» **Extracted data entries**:

•••••

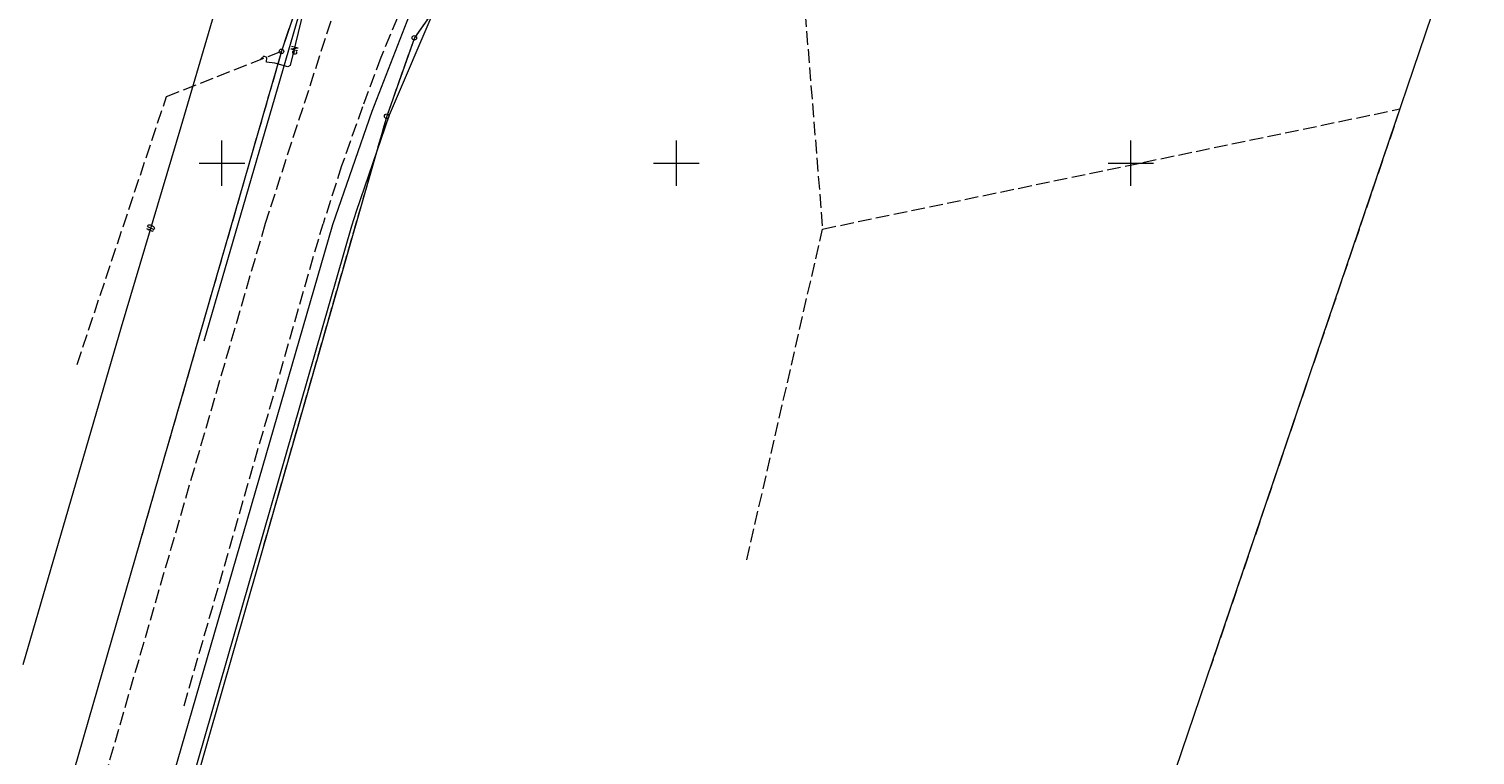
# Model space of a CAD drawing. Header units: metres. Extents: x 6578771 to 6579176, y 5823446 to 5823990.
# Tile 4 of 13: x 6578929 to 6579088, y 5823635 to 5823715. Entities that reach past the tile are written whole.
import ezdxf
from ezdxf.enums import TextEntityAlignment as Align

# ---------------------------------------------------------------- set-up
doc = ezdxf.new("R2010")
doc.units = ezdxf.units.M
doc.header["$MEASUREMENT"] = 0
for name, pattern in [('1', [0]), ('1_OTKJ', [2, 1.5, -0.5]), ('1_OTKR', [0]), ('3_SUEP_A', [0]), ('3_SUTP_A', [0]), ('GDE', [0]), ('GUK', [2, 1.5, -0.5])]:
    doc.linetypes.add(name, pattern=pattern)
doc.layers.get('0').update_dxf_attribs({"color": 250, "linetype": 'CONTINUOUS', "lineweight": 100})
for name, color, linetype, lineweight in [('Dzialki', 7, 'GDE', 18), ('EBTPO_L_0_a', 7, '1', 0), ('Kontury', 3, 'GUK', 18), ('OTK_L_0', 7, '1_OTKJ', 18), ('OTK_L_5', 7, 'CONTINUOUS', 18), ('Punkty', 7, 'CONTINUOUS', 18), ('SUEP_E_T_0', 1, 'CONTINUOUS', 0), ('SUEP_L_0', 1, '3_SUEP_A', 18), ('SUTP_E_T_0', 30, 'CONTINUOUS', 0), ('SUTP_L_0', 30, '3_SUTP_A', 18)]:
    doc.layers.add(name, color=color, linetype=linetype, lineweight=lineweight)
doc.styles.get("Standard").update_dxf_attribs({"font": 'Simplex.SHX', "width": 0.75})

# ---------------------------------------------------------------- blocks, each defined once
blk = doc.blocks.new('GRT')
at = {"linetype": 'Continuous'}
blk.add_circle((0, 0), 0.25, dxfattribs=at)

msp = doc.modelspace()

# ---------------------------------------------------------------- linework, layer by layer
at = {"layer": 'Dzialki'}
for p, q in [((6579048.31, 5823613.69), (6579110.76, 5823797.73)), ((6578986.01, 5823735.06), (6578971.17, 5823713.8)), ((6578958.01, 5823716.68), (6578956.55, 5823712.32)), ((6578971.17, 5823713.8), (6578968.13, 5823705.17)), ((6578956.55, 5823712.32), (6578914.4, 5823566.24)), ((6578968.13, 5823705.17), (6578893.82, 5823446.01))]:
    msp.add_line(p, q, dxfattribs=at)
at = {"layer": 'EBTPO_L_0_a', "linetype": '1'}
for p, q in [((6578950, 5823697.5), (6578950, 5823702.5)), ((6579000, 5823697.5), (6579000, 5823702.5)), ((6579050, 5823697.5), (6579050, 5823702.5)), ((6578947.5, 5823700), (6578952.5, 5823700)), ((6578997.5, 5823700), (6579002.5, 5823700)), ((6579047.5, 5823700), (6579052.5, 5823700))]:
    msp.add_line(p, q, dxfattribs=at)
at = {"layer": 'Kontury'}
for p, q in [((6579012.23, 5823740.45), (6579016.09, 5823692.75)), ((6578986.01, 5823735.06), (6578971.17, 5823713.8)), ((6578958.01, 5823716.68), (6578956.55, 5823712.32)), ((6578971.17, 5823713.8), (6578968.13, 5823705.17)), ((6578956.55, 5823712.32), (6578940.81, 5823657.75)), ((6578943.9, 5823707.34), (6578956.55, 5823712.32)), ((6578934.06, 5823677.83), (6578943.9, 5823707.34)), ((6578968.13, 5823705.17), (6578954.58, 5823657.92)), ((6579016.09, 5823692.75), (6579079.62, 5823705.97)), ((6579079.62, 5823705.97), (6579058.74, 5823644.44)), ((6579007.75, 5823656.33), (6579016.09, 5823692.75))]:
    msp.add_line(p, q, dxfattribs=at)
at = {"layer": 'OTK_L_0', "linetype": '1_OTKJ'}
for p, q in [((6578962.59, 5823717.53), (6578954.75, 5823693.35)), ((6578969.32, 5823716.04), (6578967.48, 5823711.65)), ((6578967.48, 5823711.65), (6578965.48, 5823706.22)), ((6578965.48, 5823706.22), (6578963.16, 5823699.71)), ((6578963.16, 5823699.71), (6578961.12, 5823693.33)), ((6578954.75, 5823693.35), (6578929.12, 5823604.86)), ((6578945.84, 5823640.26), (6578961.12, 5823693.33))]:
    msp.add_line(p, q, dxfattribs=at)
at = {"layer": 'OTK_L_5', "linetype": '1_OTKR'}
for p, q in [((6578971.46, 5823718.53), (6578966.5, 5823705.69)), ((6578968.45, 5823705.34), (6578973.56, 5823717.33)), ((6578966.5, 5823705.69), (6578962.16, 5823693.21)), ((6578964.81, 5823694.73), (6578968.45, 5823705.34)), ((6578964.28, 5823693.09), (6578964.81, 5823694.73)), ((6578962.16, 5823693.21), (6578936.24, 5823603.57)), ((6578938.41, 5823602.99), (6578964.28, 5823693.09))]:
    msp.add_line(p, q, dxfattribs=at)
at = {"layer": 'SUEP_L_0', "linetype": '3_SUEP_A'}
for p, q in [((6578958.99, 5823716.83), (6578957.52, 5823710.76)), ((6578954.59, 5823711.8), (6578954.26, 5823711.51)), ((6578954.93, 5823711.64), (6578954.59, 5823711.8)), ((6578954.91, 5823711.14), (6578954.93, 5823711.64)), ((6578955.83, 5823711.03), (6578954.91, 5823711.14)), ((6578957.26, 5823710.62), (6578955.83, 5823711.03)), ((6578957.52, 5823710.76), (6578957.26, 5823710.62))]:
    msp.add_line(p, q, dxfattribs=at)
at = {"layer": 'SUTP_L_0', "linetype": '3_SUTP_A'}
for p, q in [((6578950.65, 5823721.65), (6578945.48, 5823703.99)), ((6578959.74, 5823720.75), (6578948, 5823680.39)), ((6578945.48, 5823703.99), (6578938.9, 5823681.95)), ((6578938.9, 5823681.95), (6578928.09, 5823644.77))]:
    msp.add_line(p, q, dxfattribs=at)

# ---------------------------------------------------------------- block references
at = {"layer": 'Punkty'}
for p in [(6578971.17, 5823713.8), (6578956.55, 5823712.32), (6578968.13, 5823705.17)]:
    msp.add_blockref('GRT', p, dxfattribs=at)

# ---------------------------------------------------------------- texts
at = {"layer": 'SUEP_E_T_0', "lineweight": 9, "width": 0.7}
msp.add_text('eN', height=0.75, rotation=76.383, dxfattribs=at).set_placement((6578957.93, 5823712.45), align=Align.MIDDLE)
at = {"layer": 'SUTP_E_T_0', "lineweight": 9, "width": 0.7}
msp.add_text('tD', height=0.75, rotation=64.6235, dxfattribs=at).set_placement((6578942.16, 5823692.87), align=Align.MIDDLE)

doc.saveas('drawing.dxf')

•••••

» **EXERCISE PROMPT**: Determine the number of lines in the entries that hold "rotation". Reply with that number only.

» **EXPECTED OUTPUT**: 2